* **Task description**:
Within this listing, how many lines include the word "webpackConfig"? Only the number should be given.
(Beginning of Data in this exercise)
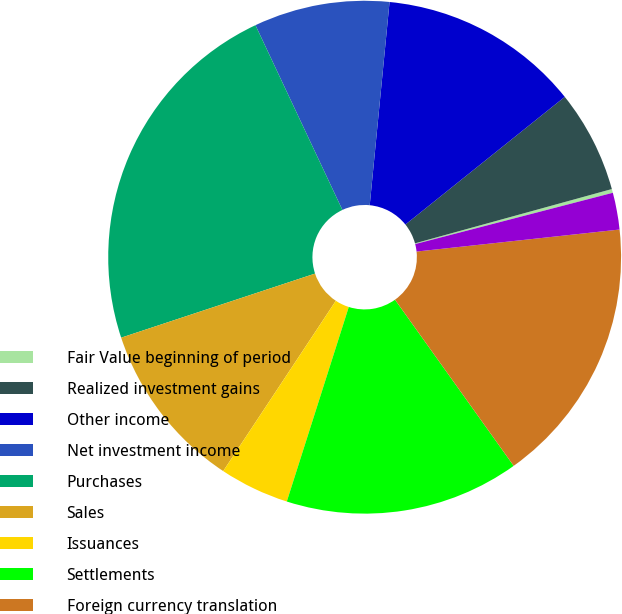Convert chart. <chart><loc_0><loc_0><loc_500><loc_500><pie_chart><fcel>Fair Value beginning of period<fcel>Realized investment gains<fcel>Other income<fcel>Net investment income<fcel>Purchases<fcel>Sales<fcel>Issuances<fcel>Settlements<fcel>Foreign currency translation<fcel>Other(1)<nl><fcel>0.24%<fcel>6.47%<fcel>12.7%<fcel>8.55%<fcel>23.08%<fcel>10.62%<fcel>4.39%<fcel>14.78%<fcel>16.85%<fcel>2.32%<nl></chart> 
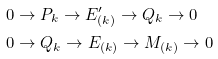Convert formula to latex. <formula><loc_0><loc_0><loc_500><loc_500>0 & \to P _ { k } \to E ^ { \prime } _ { ( k ) } \to Q _ { k } \to 0 \\ 0 & \to Q _ { k } \to E _ { ( k ) } \to M _ { ( k ) } \to 0</formula> 
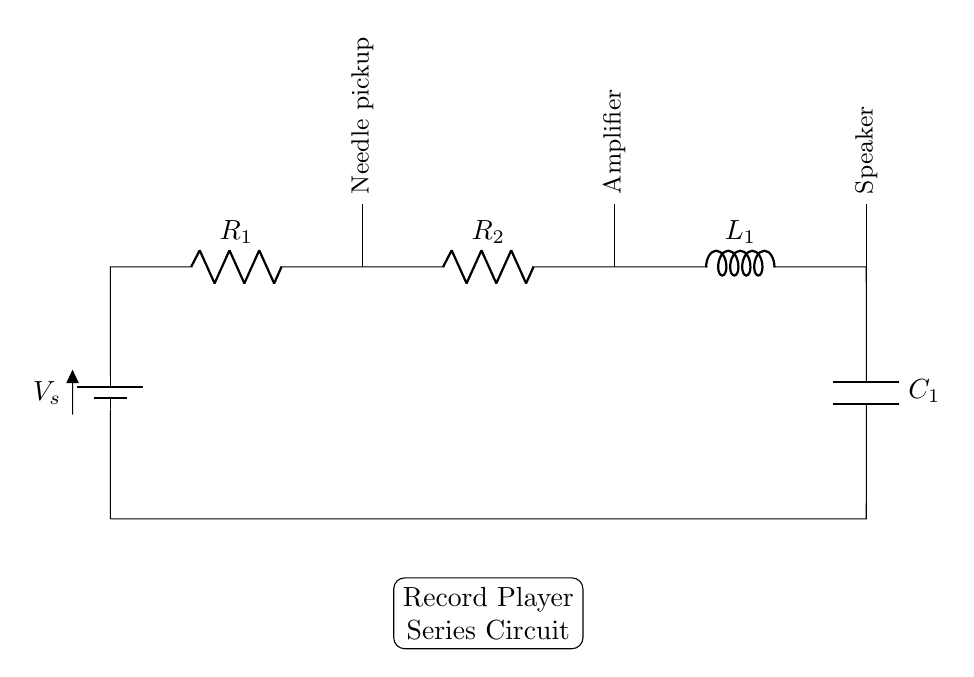What is the total number of components in this circuit? The total number of components includes the battery, two resistors, one inductor, one capacitor, one needle pickup, one amplifier, and one speaker. Counting these gives a total of seven components.
Answer: seven What type of circuit is shown in this diagram? This circuit is a series circuit because all components are connected end-to-end in a single path for current flow. In a series configuration, the same current flows through each component.
Answer: series What component is connected to the battery? The first component directly connected to the battery in the chain is the resistor labeled R1. It is the first element receiving the voltage from the battery, allowing current to flow into the circuit.
Answer: R1 What is the role of the needle pickup in the circuit? The needle pickup converts the mechanical vibrations from the record into electrical signals, which are then fed into the amplifier in the circuit for processing. It is the initial component capturing sound.
Answer: convert sound How many resistors are present in the circuit? There are two resistors in the circuit, labeled R1 and R2. Each provides resistance to the flow of current in the series configuration and affects the overall resistance of the circuit.
Answer: two What happens to the current in a series circuit as it passes through each component? In a series circuit, the current remains constant throughout; however, the voltage across each component may vary depending on its resistance or reactance. This is a defining characteristic of series circuits, as current doesn't branch or divide.
Answer: constant Which component is closest to the last in the series? The last component in the series as shown in the diagram is the capacitor labeled C1. It is positioned at the bottom end of the circuit and closes the loop back to the battery while influencing the timing characteristics of the circuit.
Answer: C1 
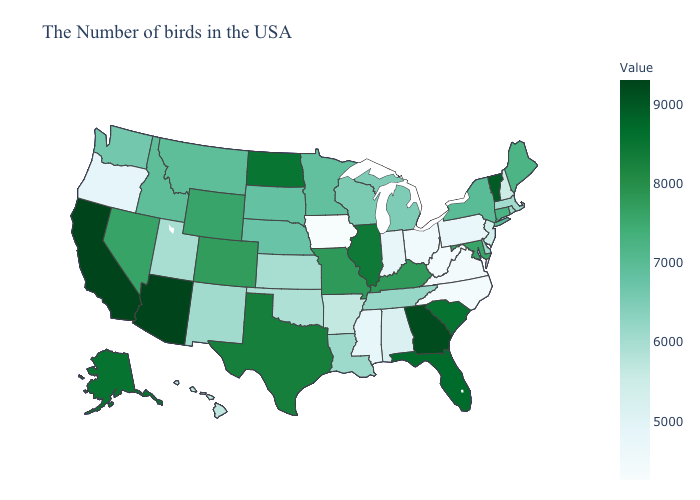Which states have the lowest value in the USA?
Concise answer only. Iowa. Does Montana have a higher value than Missouri?
Keep it brief. No. Does Mississippi have the lowest value in the USA?
Answer briefly. No. Which states hav the highest value in the Northeast?
Write a very short answer. Vermont. Does Arizona have the highest value in the USA?
Answer briefly. Yes. Does Texas have a higher value than Vermont?
Short answer required. No. Which states have the lowest value in the South?
Be succinct. West Virginia. Which states have the highest value in the USA?
Quick response, please. Arizona. Which states hav the highest value in the Northeast?
Answer briefly. Vermont. 
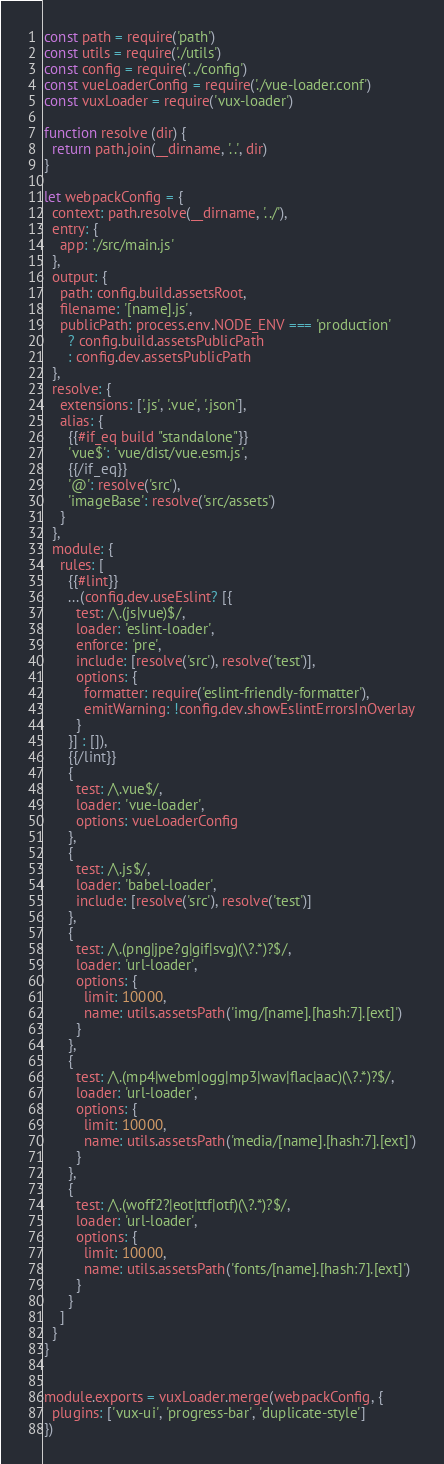Convert code to text. <code><loc_0><loc_0><loc_500><loc_500><_JavaScript_>const path = require('path')
const utils = require('./utils')
const config = require('../config')
const vueLoaderConfig = require('./vue-loader.conf')
const vuxLoader = require('vux-loader')

function resolve (dir) {
  return path.join(__dirname, '..', dir)
}

let webpackConfig = {
  context: path.resolve(__dirname, '../'),
  entry: {
    app: './src/main.js'
  },
  output: {
    path: config.build.assetsRoot,
    filename: '[name].js',
    publicPath: process.env.NODE_ENV === 'production'
      ? config.build.assetsPublicPath
      : config.dev.assetsPublicPath
  },
  resolve: {
    extensions: ['.js', '.vue', '.json'],
    alias: {
      {{#if_eq build "standalone"}}
      'vue$': 'vue/dist/vue.esm.js',
      {{/if_eq}}
      '@': resolve('src'),
      'imageBase': resolve('src/assets')
    }
  },
  module: {
    rules: [
      {{#lint}}
      ...(config.dev.useEslint? [{
        test: /\.(js|vue)$/,
        loader: 'eslint-loader',
        enforce: 'pre',
        include: [resolve('src'), resolve('test')],
        options: {
          formatter: require('eslint-friendly-formatter'),
          emitWarning: !config.dev.showEslintErrorsInOverlay
        }
      }] : []),
      {{/lint}}
      {
        test: /\.vue$/,
        loader: 'vue-loader',
        options: vueLoaderConfig
      },
      {
        test: /\.js$/,
        loader: 'babel-loader',
        include: [resolve('src'), resolve('test')]
      },
      {
        test: /\.(png|jpe?g|gif|svg)(\?.*)?$/,
        loader: 'url-loader',
        options: {
          limit: 10000,
          name: utils.assetsPath('img/[name].[hash:7].[ext]')
        }
      },
      {
        test: /\.(mp4|webm|ogg|mp3|wav|flac|aac)(\?.*)?$/,
        loader: 'url-loader',
        options: {
          limit: 10000,
          name: utils.assetsPath('media/[name].[hash:7].[ext]')
        }
      },
      {
        test: /\.(woff2?|eot|ttf|otf)(\?.*)?$/,
        loader: 'url-loader',
        options: {
          limit: 10000,
          name: utils.assetsPath('fonts/[name].[hash:7].[ext]')
        }
      }
    ]
  }
}


module.exports = vuxLoader.merge(webpackConfig, {
  plugins: ['vux-ui', 'progress-bar', 'duplicate-style']
})
</code> 
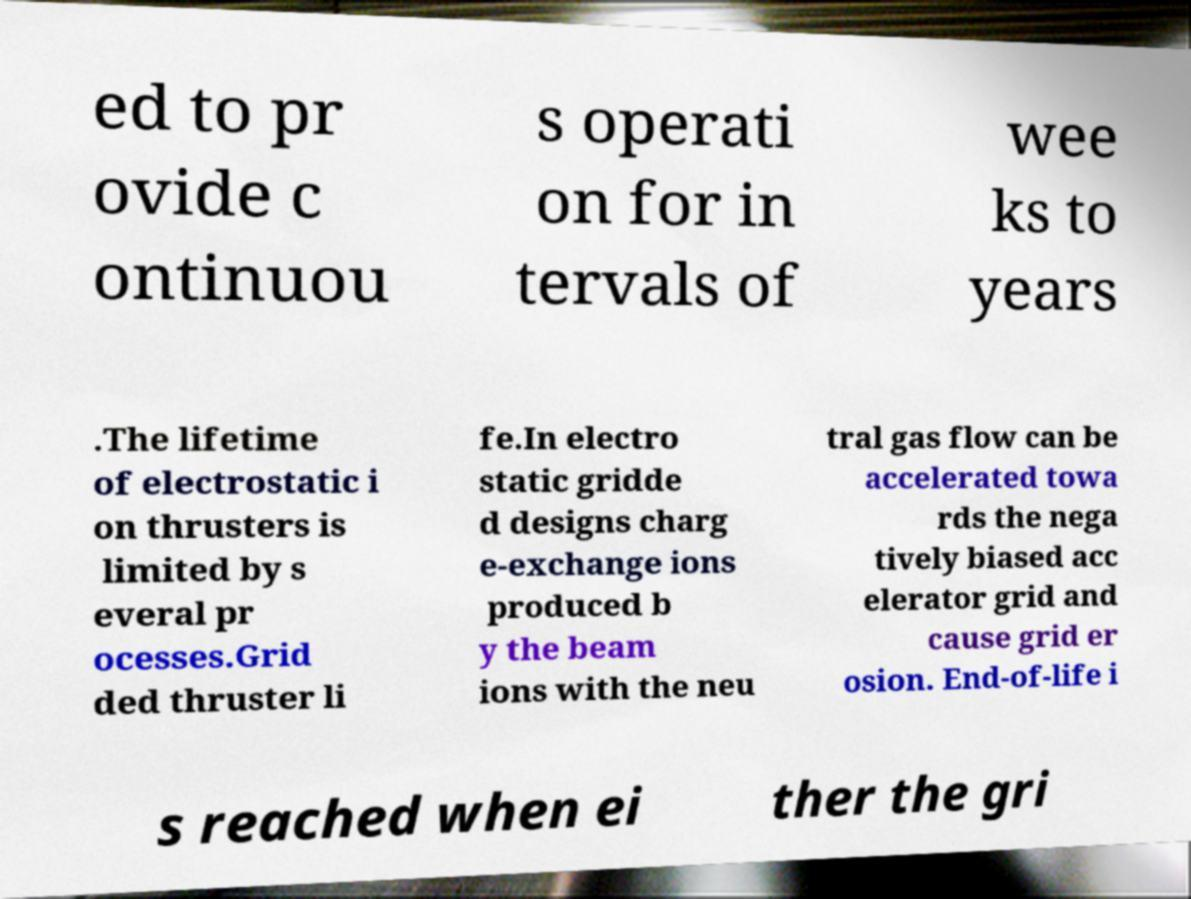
(End of Data in this exercise)
* **Solved problem**:
2